To effectively evaluate the impact of new ways of working on product development, specific changes were made to the Engineering Simulator (ES) to more accurately reflect the dynamics of new ways of working. Changes were aimed at enhancing the simulator’s ability to capture complex human interactions and process efficiencies that these new ways of working might influence. The simulator's focus was narrowed to activities that are most likely to be impacted by new ways of working, particularly those involving collaborative efforts, creativity, and flexible workflow management. The selection of these practices was informed by a need to understand how greater autonomy, flexibility in work arrangement, and digital integration could improve both the process and outcomes of product development. Regular surveys were conducted alongside real time observations by a moderator to capture feedback from participants in both test and control groups. These surveys gathered data on participant satisfaction with the work environment, the effectiveness of new work practices, and the perceived impact of autonomy and tool selection on their overall performance.
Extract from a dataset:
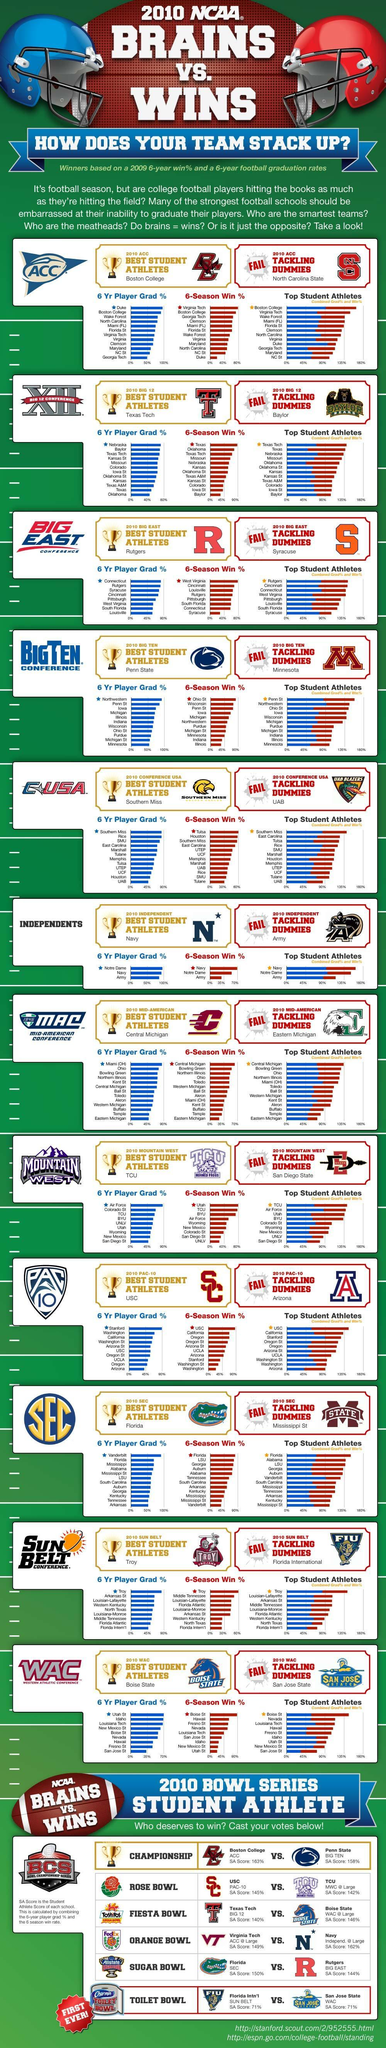Which were the top three ACC colleges with respect to their grad%?
Answer the question with a short phrase. Duke, Boston College, Wake Forest Which were the two schools that participated in the Rose Bowl series USC, TCU How many Big 12 colleges, had win% of less than 45%? 3 Which ACC college had win % of less than 40% in 2010? Duke Which ACC college received the highest Grad % in 2010? Duke Which were the top three ACC colleges with respect to their win%? Virginia Tech, Boston College, Georgia Tech Which were the top 3 ACC colleges under 'Top Student Athletes'? Boston College, Virginia Tech, Wake Forest To which conference does Minnesota belong? Big Ten conference Which Big East college stood among the top 3 in grad%, but was at the bottom for win%? Syracuse Who received  higher SA score in the Rose bowl series? USC Which Big 12 college had the highest Win% in 2010? Texas What was the SA score of Boston College? 163% How many bowl series are mentioned? 5 Which college was awarded the 2010 Big 12 Best Student Athletes? Texas Tech Which ACC college received the highest Win % in 2010? Virginia Tech Which are the first 3 football conferences mentioned? ACC, BIG 12, BIG EAST Which two schools have an SA score above 160%? Boston College, Navy Who has a higher SA score Boston College or Penn State? Boston College How many member colleges are there in 'Independents'? 3 Which ACC college stood "second"  with respect to both grad% and win% ? Boston College Which college was awarded the 2010 ACC Best Student Athletes? Boston College Which Big 12 college, stood among the top 3, in all the categories -  grad %,  win % and "top student athletes"? Texas Tech Which were the two schools in the Sugar Bowl series? Florida, Rutgers Which were the two schools that participated in the Fiesta Bowl series? Texas Tech, Boise State Which college was awarded the 2010 Big 12 Tackling Dummies? Baylor Which college was awarded the 2010 ACC Tackling Dummies? North Carolina State To which conference does Connecticut belong? Big East Which are the three members of Independents? Notre Dame, Navy, Army Which ACC college had a Grad % of less than 50% in 2010? Georgia Tech Which college was awarded the 2010 Big East Best Student Athletes? Rutgers Which college was awarded the 2010 Big East Tackling Dummies? Syracuse Which was the two schools with the lowest SA scores? Florida Intn'l, San Jose State Which Big 12 college had the highest grad% in 2010? Nebraska

The validation of new work practices within the ES used a combination of human-related and process-related metrics

  • Human-Related Factors: Engagement, motivation, collaboration dynamics, and skill application were tracked through surveys, direct observations, and peer feedback, providing a triangulated view of the interpersonal effects of new work practices.

  • Process-Related Factors: Operational aspects such as the efficiency of workflows, milestone achievements, and the quality of deliverables were assessed, offering insights into the practical benefits of the implemented practices.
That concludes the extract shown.